As we are approaching the first anniversary of The Alternative UK, we feel much stronger and clearer about the task at hand. And it is both much more complex and also much simpler than we could have imagined a year ago. It’s complex because politics - as it is currently narrated by parties in competition with each other - has misrepresented (or to be more generous, not been able to fully represent) what we, ourselves, understand as human and social.

In many ways, the problem is captured Maslow’s theory of human needs that posits material and physical needs as elemental, and social and spiritual needs as developmental – as if there is a hierarchy, the former needed before the latter can proceed. Instead, as Professor Pamela Rutledge simply explains here, the needs are co-existent: you can’t get one met without the other - unless you are completely dependent upon the state.

For example, we won’t be able to provide for ourselves materially, if we don't have status, experience, some measure of confidence and connection to operate effectively in the work market. Also: belonging is not less important than security, it is often the route to security. Similarly, if we ignore the need for autonomy as we focus on feeding the body, we risk depression and addiction.

This separation of physical and emotional needs has led to a vulnerable polity: one that is seized by the conversation about money and jobs, and then targeted emotionally by a consumerist society. We are told everything is about survival and security. But we find ourselves the creatures of an economy whose growth depends upon our addiction to products that superficially meet less articulated but consistent needs - for status, meaning and purpose.

We cannot imagine stepping out of this trap, because we hardly know we are in it. We even like it - because even though we are in thrall to these things, they also satisfy our emotional needs. It's very difficult to imagine we can get those needs met in more balanced, far more exciting and meaningful ways than shopping.

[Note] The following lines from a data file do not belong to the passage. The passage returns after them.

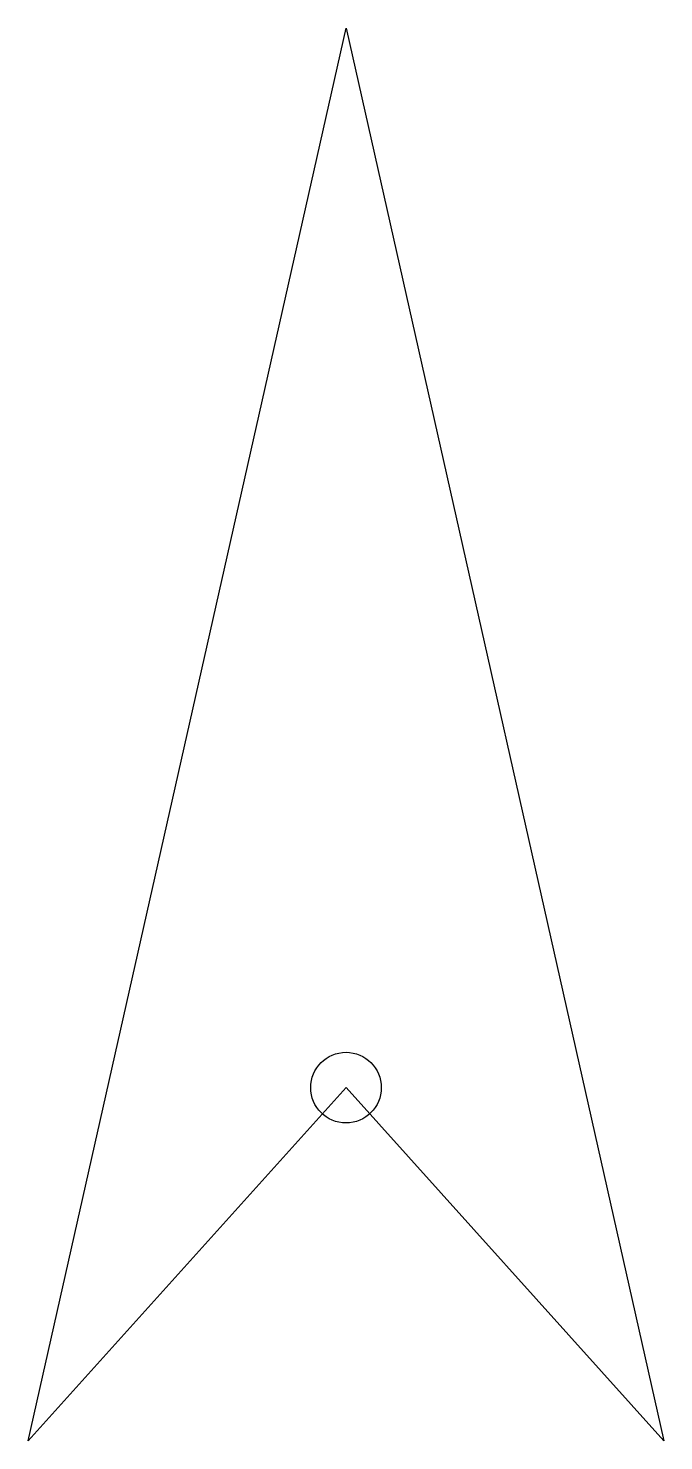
# Model space of a CAD drawing. Header units: millimetres. Extents: x -180 to 180, y -200 to 600.
import ezdxf

# ---------------------------------------------------------------- set-up
doc = ezdxf.new("R2010")
doc.units = ezdxf.units.MM

msp = doc.modelspace()

# ---------------------------------------------------------------- linework, layer by layer
msp.add_lwpolyline([(0, 600), (180, -200), (0, 0), (-180, -200)], close=True)
msp.add_circle((0, 0), 20)

doc.saveas('drawing.dxf')

Meantime, this growth economy is destroying itself, because the same ignorance at the heart of consumerism is also destroying the planet – namely the interconnectedness of complex human beings with the complex natural environmnent. A great example of that is eating meat – the consumption of which is still rising year on year. It usually requires us to ignore our own loss of integrity around respect for sentient beings, supporting an industry that is without question destroying the planet. Look away from the slaughterhouses, we are told, or we risk subverting growth!

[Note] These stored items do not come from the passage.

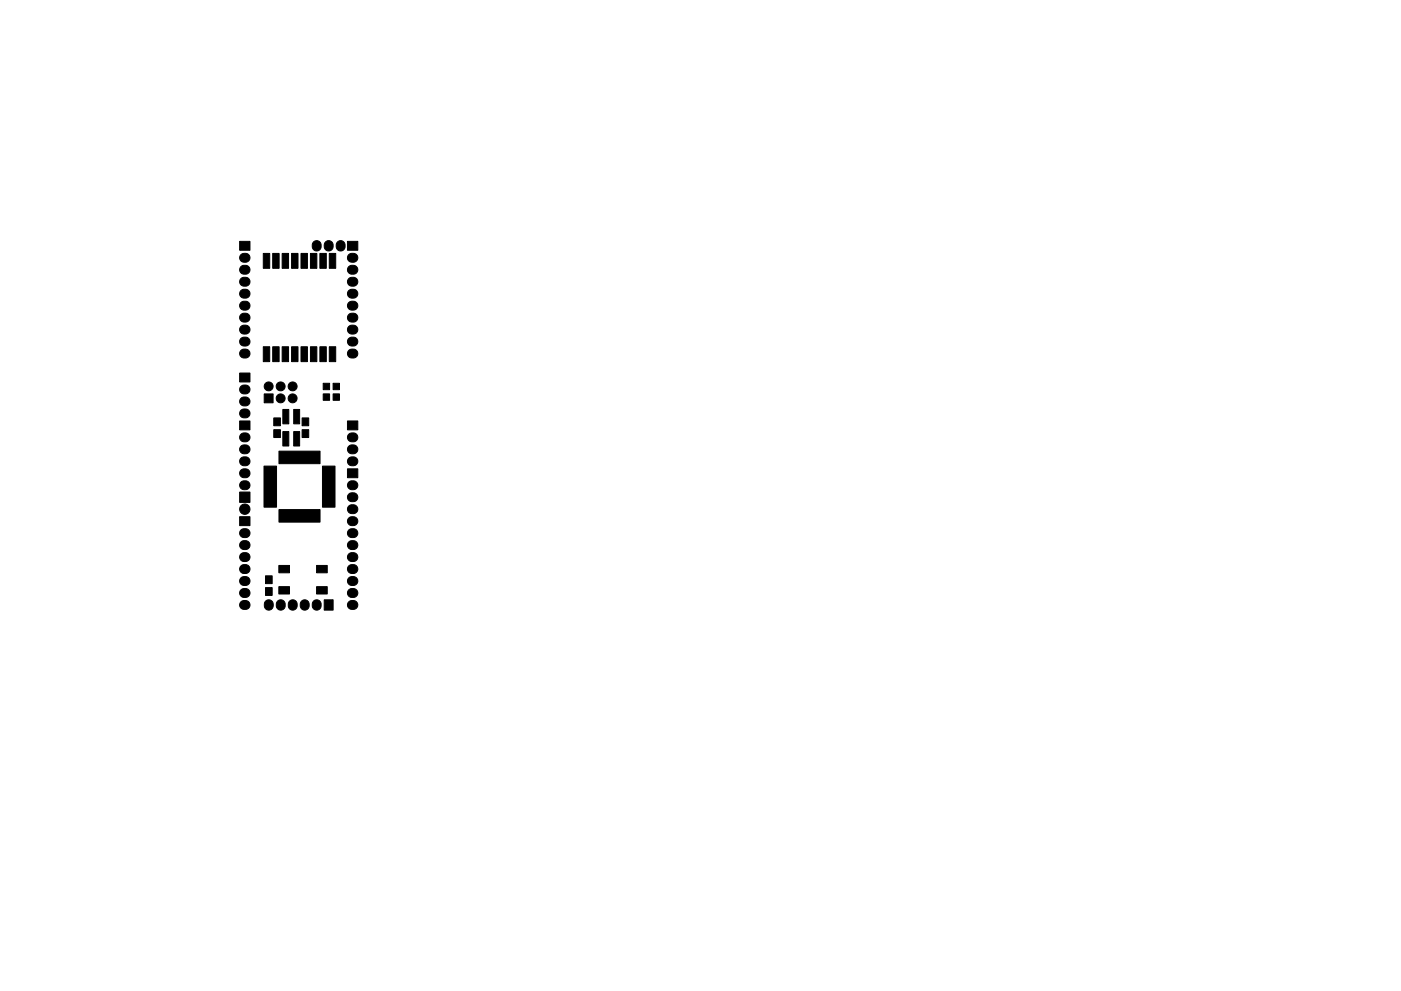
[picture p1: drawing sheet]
<svg xmlns="http://www.w3.org/2000/svg" width="297mm" height="210mm" viewBox="0 0 297 210" stroke-linecap="round" stroke-linejoin="round" font-family="sans-serif">
<g fill="#000" stroke="#000" stroke-width=".21">
<path d="M50.8 51.2h2.2v1.9h-2.2zM51.1 54a1.04 1.04 0 0 1 1.6 0 1.04 1.04 0 0 1-.3 1.6h-.7a.94 .94 0 0 1-.8-.5 .94 .94 0 0 1 .2-1.1zM51.1 56.6a1.04 1.04 0 0 1 1.6-.1 1.04 1.04 0 0 1-.3 1.6l-.7 .1a.94 .94 0 0 1-.8-.6 .94 .94 0 0 1 .2-1zM51.1 59.1a1.04 1.04 0 0 1 1.6 0 1.04 1.04 0 0 1-.3 1.5l-.7 .1a.94 .94 0 0 1-.8-.6 .94 .94 0 0 1 .2-1zM55.8 53.8h1.4v3.1h-1.4zM57.8 53.8h1.4v3.1h-1.4zM59.8 53.8h1.4v3.1h-1.4zM61.8 53.8h1.4v3.1h-1.4zM63.8 53.8h1.4v3.1h-1.4zM65.8 53.8h1.4v3.1h-1.4zM66.5 51.3a1.02 1.02 0 0 1 1.6 .9 1.02 1.02 0 0 1-1.6 .8l-.3-.5v-.5zM67.8 53.8h1.4v3.1h-1.4z"/>
<path d="M69 51.3a1.02 1.02 0 0 1 1.6 .9 1.02 1.02 0 0 1-1.6 .8l-.2-.5-.1-.5zM69.8 53.8h1.4v3.1h-1.4zM71.6 51.3a1.02 1.02 0 0 1 1.6 .9 1.02 1.02 0 0 1-1.6 .8l-.3-.5v-.5zM73.7 51.2h2.2v1.9h-2.2zM73.9 54a1.04 1.04 0 0 1 1.6 0 1.04 1.04 0 0 1-.2 1.6h-.7a.94 .94 0 0 1-.9-.5 .94 .94 0 0 1 .2-1.1zM73.9 56.6a1.04 1.04 0 0 1 1.6-.1 1.04 1.04 0 0 1-.2 1.6l-.7 .1a.94 .94 0 0 1-.9-.6 .94 .94 0 0 1 .2-1zM73.9 59.1a1.04 1.04 0 0 1 1.6 0 1.04 1.04 0 0 1-.2 1.5l-.7 .1a.94 .94 0 0 1-.9-.6 .94 .94 0 0 1 .2-1zM51.1 61.6a1.04 1.04 0 0 1 1.6 0 1.04 1.04 0 0 1-.3 1.6l-.7 .1a.94 .94 0 0 1-.8-.6 .94 .94 0 0 1 .2-1.1zM51.1 64.2a1.04 1.04 0 0 1 1.6 0 1.04 1.04 0 0 1-.3 1.5l-.7 .1a.94 .94 0 0 1-.8-.6 .94 .94 0 0 1 .2-1zM51.1 66.7a1.04 1.04 0 0 1 1.6 0 1.04 1.04 0 0 1-.3 1.6h-.7a.94 .94 0 0 1-.8-.5 .94 .94 0 0 1 .2-1.1zM51.1 69.3a1.04 1.04 0 0 1 1.6-.1 1.04 1.04 0 0 1-.3 1.6l-.7 .1a.94 .94 0 0 1-.8-.6 .94 .94 0 0 1 .2-1zM51.1 71.8a1.04 1.04 0 0 1 1.6 0 1.04 1.04 0 0 1-.3 1.5l-.7 .1a.94 .94 0 0 1-.8-.6 .94 .94 0 0 1 .2-1z"/>
<path d="M51.1 74.3a1.04 1.04 0 0 1 1.6 0 1.04 1.04 0 0 1-.3 1.6l-.7 .1a.94 .94 0 0 1-.8-.6 .94 .94 0 0 1 .2-1.1zM55.8 73.6h1.4v3.1h-1.4zM57.8 73.6h1.4v3.1h-1.4zM59.8 73.6h1.4v3.1h-1.4zM61.8 73.6h1.4v3.1h-1.4zM63.8 73.6h1.4v3.1h-1.4zM65.8 73.6h1.4v3.1h-1.4zM67.8 73.6h1.4v3.1h-1.4zM69.8 73.6h1.4v3.1h-1.4zM73.9 61.6a1.04 1.04 0 0 1 1.6 0 1.04 1.04 0 0 1-.2 1.6l-.7 .1a.94 .94 0 0 1-.9-.6 .94 .94 0 0 1 .2-1.1zM73.9 64.2a1.04 1.04 0 0 1 1.6 0 1.04 1.04 0 0 1-.2 1.5l-.7 .1a.94 .94 0 0 1-.9-.6 .94 .94 0 0 1 .2-1zM73.9 66.7a1.04 1.04 0 0 1 1.6 0 1.04 1.04 0 0 1-.2 1.6h-.7a.94 .94 0 0 1-.9-.5 .94 .94 0 0 1 .2-1.1z"/>
<path d="M73.9 69.3a1.04 1.04 0 0 1 1.6-.1 1.04 1.04 0 0 1-.2 1.6l-.7 .1a.94 .94 0 0 1-.9-.6 .94 .94 0 0 1 .2-1zM73.9 71.8a1.04 1.04 0 0 1 1.6 0 1.04 1.04 0 0 1-.2 1.5l-.7 .1a.94 .94 0 0 1-.9-.6 .94 .94 0 0 1 .2-1zM73.9 74.3a1.04 1.04 0 0 1 1.6 0 1.04 1.04 0 0 1-.2 1.6l-.7 .1a.94 .94 0 0 1-.9-.6 .94 .94 0 0 1 .2-1.1zM50.8 79.1h2.2v1.9h-2.2zM50.8 89.3h2.2v1.9h-2.2zM51.1 82a1.04 1.04 0 0 1 1.6-.1 1.04 1.04 0 0 1-.3 1.6l-.7 .1a.94 .94 0 0 1-.8-.6 .94 .94 0 0 1 .2-1zM51.1 84.5a1.04 1.04 0 0 1 1.6 0 1.04 1.04 0 0 1-.3 1.5l-.7 .1a.94 .94 0 0 1-.8-.6 .94 .94 0 0 1 .2-1zM51.1 87a1.04 1.04 0 0 1 1.6 0 1.04 1.04 0 0 1-.3 1.6l-.7 .1a.94 .94 0 0 1-.8-.6 .94 .94 0 0 1 .2-1.1zM51.1 92.1a1.04 1.04 0 0 1 1.6 0 1.04 1.04 0 0 1-.3 1.6h-.7a.94 .94 0 0 1-.8-.5 .94 .94 0 0 1 .2-1.1zM51.1 94.7a1.04 1.04 0 0 1 1.6-.1 1.04 1.04 0 0 1-.3 1.6l-.7 .1a.94 .94 0 0 1-.8-.6 .94 .94 0 0 1 .2-1zM51.1 97.2a1.04 1.04 0 0 1 1.6 0 1.04 1.04 0 0 1-.3 1.5l-.7 .1a.94 .94 0 0 1-.8-.6 .94 .94 0 0 1 .2-1zM56 83.6h1.9v1.9h-1.9z"/>
<path d="M58 88.7h1.5v1.6h-1.5zM58 91.2h1.5v1.6h-1.5zM60 86.9h1.2v3h-1.2zM60 91.6h1.2v3h-1.2zM62.3 86.9h1.2v3h-1.2zM62.3 91.6h1.2v3h-1.2zM64 88.7h1.5v1.6h-1.5zM64 91.2h1.5v1.6h-1.5zM59.1 95.7h8.8v2.7h-8.8zM68.5 81.3h1.4v1.4h-1.4zM68.5 83.6h1.4v1.3h-1.4zM70.6 81.3h1.4v1.4h-1.4z"/>
<path d="M70.6 83.6h1.4v1.3h-1.4zM73.7 89.3h2.2v1.9h-2.2zM73.9 92.1a1.04 1.04 0 0 1 1.6 0 1.04 1.04 0 0 1-.2 1.6h-.7a.94 .94 0 0 1-.9-.5 .94 .94 0 0 1 .2-1.1zM73.9 94.7a1.04 1.04 0 0 1 1.6-.1 1.04 1.04 0 0 1-.2 1.6l-.7 .1a.94 .94 0 0 1-.9-.6 .94 .94 0 0 1 .2-1zM73.9 97.2a1.04 1.04 0 0 1 1.6 0 1.04 1.04 0 0 1-.2 1.5l-.7 .1a.94 .94 0 0 1-.9-.6 .94 .94 0 0 1 .2-1zM50.8 104.4h2.2v2.2h-2.2zM50.8 109.6h2.2v1.9h-2.2zM51.1 99.7a1.04 1.04 0 0 1 1.6 0 1.04 1.04 0 0 1-.3 1.6l-.7 .1a.94 .94 0 0 1-.8-.6 .94 .94 0 0 1 .2-1.1zM51.1 102.3a1.04 1.04 0 0 1 1.6 0 1.04 1.04 0 0 1-.3 1.5l-.7 .1a.94 .94 0 0 1-.8-.6 .94 .94 0 0 1 .2-1zM51.1 112.4a1.04 1.04 0 0 1 1.6 0 1.04 1.04 0 0 1-.3 1.6l-.7 .1a.94 .94 0 0 1-.8-.6 .94 .94 0 0 1 .2-1.1zM51.1 115a1.04 1.04 0 0 1 1.6 0 1.04 1.04 0 0 1-.3 1.5l-.7 .1a.94 .94 0 0 1-.8-.6 .94 .94 0 0 1 .2-1zM51.1 117.5a1.04 1.04 0 0 1 1.6 0 1.04 1.04 0 0 1-.3 1.6h-.7a.94 .94 0 0 1-.8-.5 .94 .94 0 0 1 .2-1.1z"/>
<path d="M56 98.9h2.6v8.7h-2.6zM59.1 108.1h8.8v2.7h-8.8zM68.4 98.9h2.6v8.7h-2.6zM73.7 99.5h2.2v1.9h-2.2zM73.9 102.3a1.04 1.04 0 0 1 1.6 0 1.04 1.04 0 0 1-.2 1.5l-.7 .1a.94 .94 0 0 1-.9-.6 .94 .94 0 0 1 .2-1zM73.9 104.8a1.04 1.04 0 0 1 1.6 0 1.04 1.04 0 0 1-.2 1.6h-.7a.94 .94 0 0 1-.9-.5 .94 .94 0 0 1 .2-1.1zM73.9 107.4a1.04 1.04 0 0 1 1.6-.1 1.04 1.04 0 0 1-.2 1.6l-.7 .1a.94 .94 0 0 1-.9-.6 .94 .94 0 0 1 .2-1zM73.9 109.9a1.04 1.04 0 0 1 1.6 0 1.04 1.04 0 0 1-.2 1.5l-.7 .1a.94 .94 0 0 1-.9-.6 .94 .94 0 0 1 .2-1zM73.9 112.4a1.04 1.04 0 0 1 1.6 0 1.04 1.04 0 0 1-.2 1.6l-.7 .1a.94 .94 0 0 1-.9-.6 .94 .94 0 0 1 .2-1.1zM73.9 115a1.04 1.04 0 0 1 1.6 0 1.04 1.04 0 0 1-.2 1.5l-.7 .1a.94 .94 0 0 1-.9-.6 .94 .94 0 0 1 .2-1zM73.9 117.5a1.04 1.04 0 0 1 1.6 0 1.04 1.04 0 0 1-.2 1.6h-.7a.94 .94 0 0 1-.9-.5 .94 .94 0 0 1 .2-1.1zM51.1 120.1a1.04 1.04 0 0 1 1.6-.1 1.04 1.04 0 0 1-.3 1.6l-.7 .1a.94 .94 0 0 1-.8-.6 .94 .94 0 0 1 .2-1z"/>
<path d="M51.1 122.6a1.04 1.04 0 0 1 1.6 0 1.04 1.04 0 0 1-.3 1.5l-.7 .1a.94 .94 0 0 1-.8-.6 .94 .94 0 0 1 .2-1zM51.1 125.1a1.04 1.04 0 0 1 1.6 0 1.04 1.04 0 0 1-.3 1.6l-.7 .1a.94 .94 0 0 1-.8-.6 .94 .94 0 0 1 .2-1.1zM51.1 127.7a1.04 1.04 0 0 1 1.6 0 1.04 1.04 0 0 1-.3 1.5l-.7 .1a.94 .94 0 0 1-.8-.6 .94 .94 0 0 1 .2-1zM56.3 122.2h1.4v1.6h-1.4zM56.3 124.7h1.4v1.6h-1.4zM56.3 127.5a1.02 1.02 0 0 1 1.6 .9 1.02 1.02 0 0 1-1.6 .8l-.2-.5-.1-.5zM58.9 127.5a1.02 1.02 0 0 1 1.6 .9 1.02 1.02 0 0 1-1.6 .8l-.3-.5v-.5zM59.1 120h2.3v1.5h-2.3zM59.1 124.5h2.3v1.5h-2.3zM61.4 127.5a1.02 1.02 0 0 1 1.6 .9 1.02 1.02 0 0 1-1.6 .8l-.3-.5v-.5zM63.9 127.5a1.02 1.02 0 0 1 1.7 .9 1.02 1.02 0 0 1-1.7 .8l-.2-.5v-.5zM66.5 127.5a1.02 1.02 0 0 1 1.6 .9 1.02 1.02 0 0 1-1.6 .8l-.3-.5v-.5z"/>
<path d="M67.1 120h2.3v1.5h-2.3zM67.1 124.5h2.3v1.5h-2.3zM68.7 127.3h1.9v2.1h-1.9zM73.9 120.1a1.04 1.04 0 0 1 1.6-.1 1.04 1.04 0 0 1-.2 1.6l-.7 .1a.94 .94 0 0 1-.9-.6 .94 .94 0 0 1 .2-1zM73.9 122.6a1.04 1.04 0 0 1 1.6 0 1.04 1.04 0 0 1-.2 1.5l-.7 .1a.94 .94 0 0 1-.9-.6 .94 .94 0 0 1 .2-1zM73.9 125.1a1.04 1.04 0 0 1 1.6 0 1.04 1.04 0 0 1-.2 1.6l-.7 .1a.94 .94 0 0 1-.9-.6 .94 .94 0 0 1 .2-1.1zM73.9 127.7a1.04 1.04 0 0 1 1.6 0 1.04 1.04 0 0 1-.2 1.5l-.7 .1a.94 .94 0 0 1-.9-.6 .94 .94 0 0 1 .2-1z"/>
<circle cx="57" cy="82" r=".95"/>
<circle cx="59.5" cy="84.5" r=".95"/>
<circle cx="59.5" cy="82" r=".95"/>
<circle cx="62" cy="84.5" r=".95"/>
<circle cx="62" cy="82" r=".95"/>
<circle cx="51.9" cy="108" r="1.1"/>
</g>
</svg>

What is new about this moment is that the generation that benefited from all this blindness – baby boomers, living off the profits of the old model - are increasingly aware of their folly. More importantly, they have given birth to the better-informed millennials, who came after the growth boom. And partly because these millennials are unable to profit so easily, they are less enthralled. They also have tools which can both share information, letting more wisdom flow in the public space, and help them organise themselves around this content.

Lately, the growing evidence of planetary harm is interrupting our daily lives, causing anxiety as well as protest and activism. To address the sustainability of the human race on this planet, we have to become more aware of what we buy and why we buy it. We must see how consumerism hijacks our emotional needs and makes us slaves to the growth rationale when we might be doing more to save the planet. This feels like massively added complexity to our already stressed lives.

Alternatively, we might say it brings much-needed simplicity. We could recognise these new representations of ourselves as people with emotional as well as physical needs, naturally connected to our communities and the planet, as something we always already knew about ourselves, deep down. This becomes closer to a moment of liberation – a sort of awakening from the trance.

This feeling of returning to ourselves is the basis of a new politics. It is championed in all the networks we are participating in and stitching together. It starts with knowing and understanding the self as the first step in understanding your community. The individual is not the enemy of the collective, as is often suggested in current political rhetoric (unless it is narcissistic).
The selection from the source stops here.